» **YOUR TASK**
An exact copy of the listing below is required.

START MATERIAL FOR THE TASK

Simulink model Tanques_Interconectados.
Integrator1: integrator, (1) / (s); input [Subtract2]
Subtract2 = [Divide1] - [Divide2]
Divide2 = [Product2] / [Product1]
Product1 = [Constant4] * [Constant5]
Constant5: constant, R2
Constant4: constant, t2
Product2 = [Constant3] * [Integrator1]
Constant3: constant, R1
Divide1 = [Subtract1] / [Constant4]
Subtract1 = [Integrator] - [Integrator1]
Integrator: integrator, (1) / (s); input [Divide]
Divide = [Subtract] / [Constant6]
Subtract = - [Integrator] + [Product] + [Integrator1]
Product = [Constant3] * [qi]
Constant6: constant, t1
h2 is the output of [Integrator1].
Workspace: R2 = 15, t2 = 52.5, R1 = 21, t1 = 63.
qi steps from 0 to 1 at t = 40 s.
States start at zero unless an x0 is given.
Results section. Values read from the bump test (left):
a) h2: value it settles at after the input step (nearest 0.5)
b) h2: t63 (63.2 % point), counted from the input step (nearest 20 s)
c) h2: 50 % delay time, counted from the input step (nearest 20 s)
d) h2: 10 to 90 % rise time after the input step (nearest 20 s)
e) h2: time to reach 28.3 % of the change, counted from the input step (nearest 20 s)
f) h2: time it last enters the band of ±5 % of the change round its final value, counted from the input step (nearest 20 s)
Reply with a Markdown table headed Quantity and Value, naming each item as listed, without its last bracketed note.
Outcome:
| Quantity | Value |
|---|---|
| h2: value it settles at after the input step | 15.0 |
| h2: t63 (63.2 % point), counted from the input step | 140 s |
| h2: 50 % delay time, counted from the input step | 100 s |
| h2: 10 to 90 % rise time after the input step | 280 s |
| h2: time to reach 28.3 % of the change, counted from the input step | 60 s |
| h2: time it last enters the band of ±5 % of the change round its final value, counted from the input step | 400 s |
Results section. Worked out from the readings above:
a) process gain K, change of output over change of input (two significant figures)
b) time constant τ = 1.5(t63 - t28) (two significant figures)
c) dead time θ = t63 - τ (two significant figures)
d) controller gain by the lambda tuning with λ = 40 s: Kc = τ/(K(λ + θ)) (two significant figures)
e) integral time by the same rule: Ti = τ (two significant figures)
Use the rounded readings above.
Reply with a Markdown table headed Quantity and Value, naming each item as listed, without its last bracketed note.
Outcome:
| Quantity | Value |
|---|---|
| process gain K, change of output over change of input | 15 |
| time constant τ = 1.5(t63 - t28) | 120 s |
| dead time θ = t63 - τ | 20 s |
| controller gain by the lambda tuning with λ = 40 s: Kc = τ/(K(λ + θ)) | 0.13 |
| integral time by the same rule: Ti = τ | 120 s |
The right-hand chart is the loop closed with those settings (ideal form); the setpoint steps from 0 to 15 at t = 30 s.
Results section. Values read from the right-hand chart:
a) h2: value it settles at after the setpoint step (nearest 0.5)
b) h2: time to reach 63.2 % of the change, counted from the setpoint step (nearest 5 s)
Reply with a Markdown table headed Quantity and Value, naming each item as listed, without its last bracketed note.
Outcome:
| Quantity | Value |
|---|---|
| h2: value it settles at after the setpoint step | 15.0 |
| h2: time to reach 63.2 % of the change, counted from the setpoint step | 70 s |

END MATERIAL FOR THE TASK

» **ANSWER BOX**
Simulink model Tanques_Interconectados.
Integrator1: integrator, (1) / (s); input [Subtract2]
Subtract2 = [Divide1] - [Divide2]
Divide2 = [Product2] / [Product1]
Product1 = [Constant4] * [Constant5]
Constant5: constant, R2
Constant4: constant, t2
Product2 = [Constant3] * [Integrator1]
Constant3: constant, R1
Divide1 = [Subtract1] / [Constant4]
Subtract1 = [Integrator] - [Integrator1]
Integrator: integrator, (1) / (s); input [Divide]
Divide = [Subtract] / [Constant6]
Subtract = - [Integrator] + [Product] + [Integrator1]
Product = [Constant3] * [qi]
Constant6: constant, t1
h2 is the output of [Integrator1].
Workspace: R2 = 15, t2 = 52.5, R1 = 21, t1 = 63.
qi steps from 0 to 1 at t = 40 s.
States start at zero unless an x0 is given.
Results section. Values read from the bump test (left):
a) h2: value it settles at after the input step (nearest 0.5)
b) h2: t63 (63.2 % point), counted from the input step (nearest 20 s)
c) h2: 50 % delay time, counted from the input step (nearest 20 s)
d) h2: 10 to 90 % rise time after the input step (nearest 20 s)
e) h2: time to reach 28.3 % of the change, counted from the input step (nearest 20 s)
f) h2: time it last enters the band of ±5 % of the change round its final value, counted from the input step (nearest 20 s)
Reply with a Markdown table headed Quantity and Value, naming each item as listed, without its last bracketed note.
Outcome:
| Quantity | Value |
|---|---|
| h2: value it settles at after the input step | 15.0 |
| h2: t63 (63.2 % point), counted from the input step | 140 s |
| h2: 50 % delay time, counted from the input step | 100 s |
| h2: 10 to 90 % rise time after the input step | 280 s |
| h2: time to reach 28.3 % of the change, counted from the input step | 60 s |
| h2: time it last enters the band of ±5 % of the change round its final value, counted from the input step | 400 s |
Results section. Worked out from the readings above:
a) process gain K, change of output over change of input (two significant figures)
b) time constant τ = 1.5(t63 - t28) (two significant figures)
c) dead time θ = t63 - τ (two significant figures)
d) controller gain by the lambda tuning with λ = 40 s: Kc = τ/(K(λ + θ)) (two significant figures)
e) integral time by the same rule: Ti = τ (two significant figures)
Use the rounded readings above.
Reply with a Markdown table headed Quantity and Value, naming each item as listed, without its last bracketed note.
Outcome:
| Quantity | Value |
|---|---|
| process gain K, change of output over change of input | 15 |
| time constant τ = 1.5(t63 - t28) | 120 s |
| dead time θ = t63 - τ | 20 s |
| controller gain by the lambda tuning with λ = 40 s: Kc = τ/(K(λ + θ)) | 0.13 |
| integral time by the same rule: Ti = τ | 120 s |
The right-hand chart is the loop closed with those settings (ideal form); the setpoint steps from 0 to 15 at t = 30 s.
Results section. Values read from the right-hand chart:
a) h2: value it settles at after the setpoint step (nearest 0.5)
b) h2: time to reach 63.2 % of the change, counted from the setpoint step (nearest 5 s)
Reply with a Markdown table headed Quantity and Value, naming each item as listed, without its last bracketed note.
Outcome:
| Quantity | Value |
|---|---|
| h2: value it settles at after the setpoint step | 15.0 |
| h2: time to reach 63.2 % of the change, counted from the setpoint step | 70 s |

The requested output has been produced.